Polynomial regression
Syllabus alignment
This lesson supports the NSW Software Engineering Stage 6 syllabus:
-
Software automation / Algorithms in machine learning
- Explore models of training ML, including supervised learning.
- Describe types of algorithms associated with ML, including polynomial regression.
Polynomial regression extends linear regression by allowing the model to bend, capturing relationships that curve upward, downward, or change direction as feature values grow. Instead of fitting a single straight line, we fit a polynomial curve that can adapt to diminishing returns, accelerating growth, or other non-linear patterns in the data.
Because the model can flex, it is powerful—but also easier to overfit. Choosing the right degree and validating on unseen data are critical to avoid a curve that memorises noise instead of learning the true signal.
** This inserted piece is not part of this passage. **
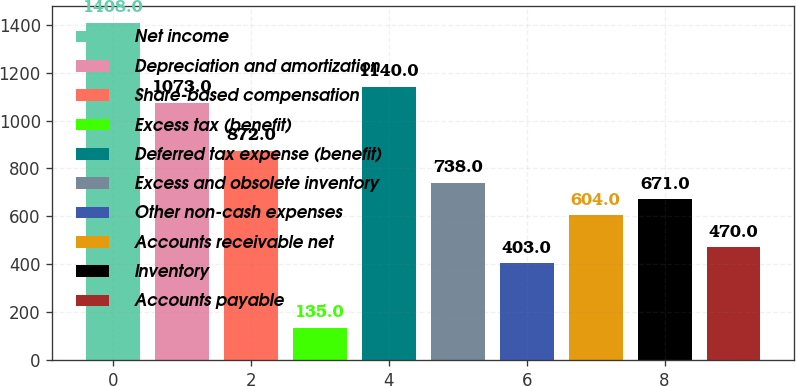Convert chart. <chart><loc_0><loc_0><loc_500><loc_500><bar_chart><fcel>Net income<fcel>Depreciation and amortization<fcel>Share-based compensation<fcel>Excess tax (benefit)<fcel>Deferred tax expense (benefit)<fcel>Excess and obsolete inventory<fcel>Other non-cash expenses<fcel>Accounts receivable net<fcel>Inventory<fcel>Accounts payable<nl><fcel>1408<fcel>1073<fcel>872<fcel>135<fcel>1140<fcel>738<fcel>403<fcel>604<fcel>671<fcel>470<nl></chart> 
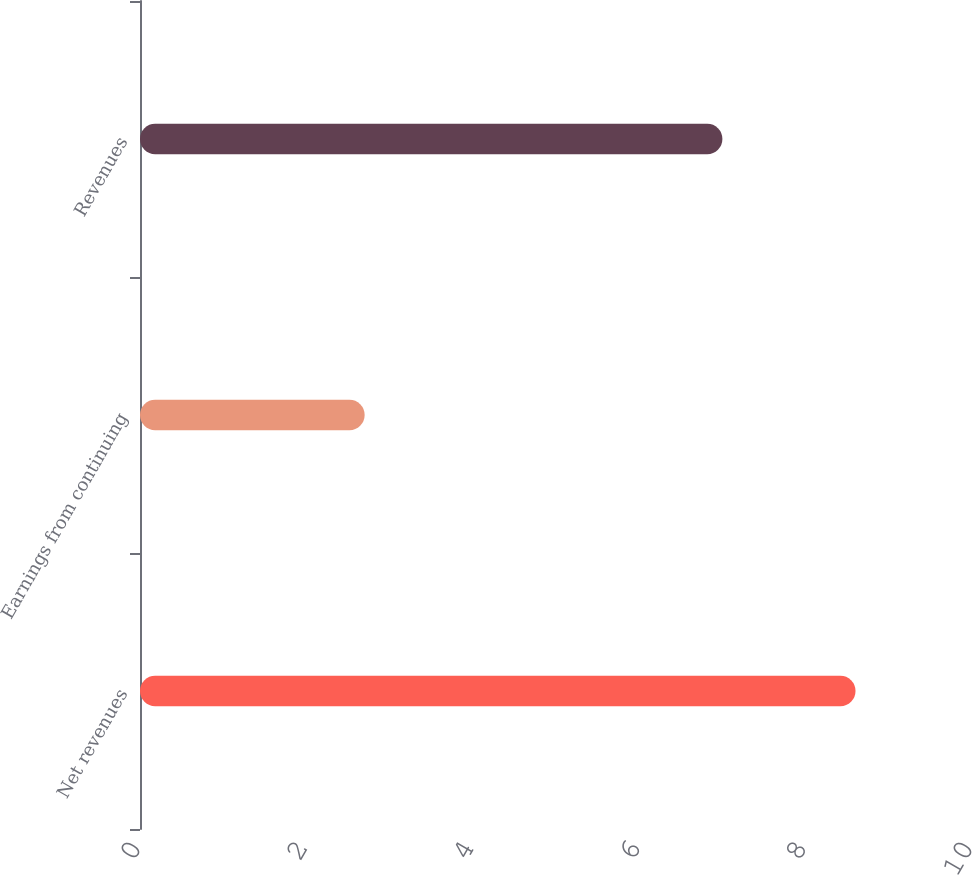Convert chart to OTSL. <chart><loc_0><loc_0><loc_500><loc_500><bar_chart><fcel>Net revenues<fcel>Earnings from continuing<fcel>Revenues<nl><fcel>8.6<fcel>2.7<fcel>7<nl></chart>

How polynomial regression works
The interactive below walks through fitting polynomial models to the housing-price data. You’ll see how adding higher-degree terms (e.g. (x^2), (x^3)) lets the curve follow the data more closely than a straight line, and how residuals reveal whether the chosen degree is appropriate.
As you explore, notice how the curve improves bias but can increase variance. Validation metrics and residual plots help you select a degree that generalises well.
Key ideas
- Polynomial regression fits curved relationships by adding higher-degree terms to the features.
- The degree controls flexibility: low degrees risk underfitting; high degrees risk overfitting.
- Residuals should look randomly scattered around zero; visible waves or patterns suggest the wrong degree.
- Validation metrics (e.g. MSE on a hold-out set) guide degree selection better than training error alone.
- Feature scaling still matters; very large feature values can destabilise polynomial terms.
- Polynomial regression can be seen as linear regression on engineered features ((x, x^2, x^3, …)).
Training and evaluation
- Split the dataset into training and validation/test sets before tuning the polynomial degree.
- Scale continuous features, then fit a low-degree model first (e.g. degree 2) and check residuals and validation MSE.
- Increase degree only if residuals show systematic patterns; stop when validation error bottoms out to avoid overfitting.
- After selecting the degree, refit on the training data and report metrics on the untouched validation/test set.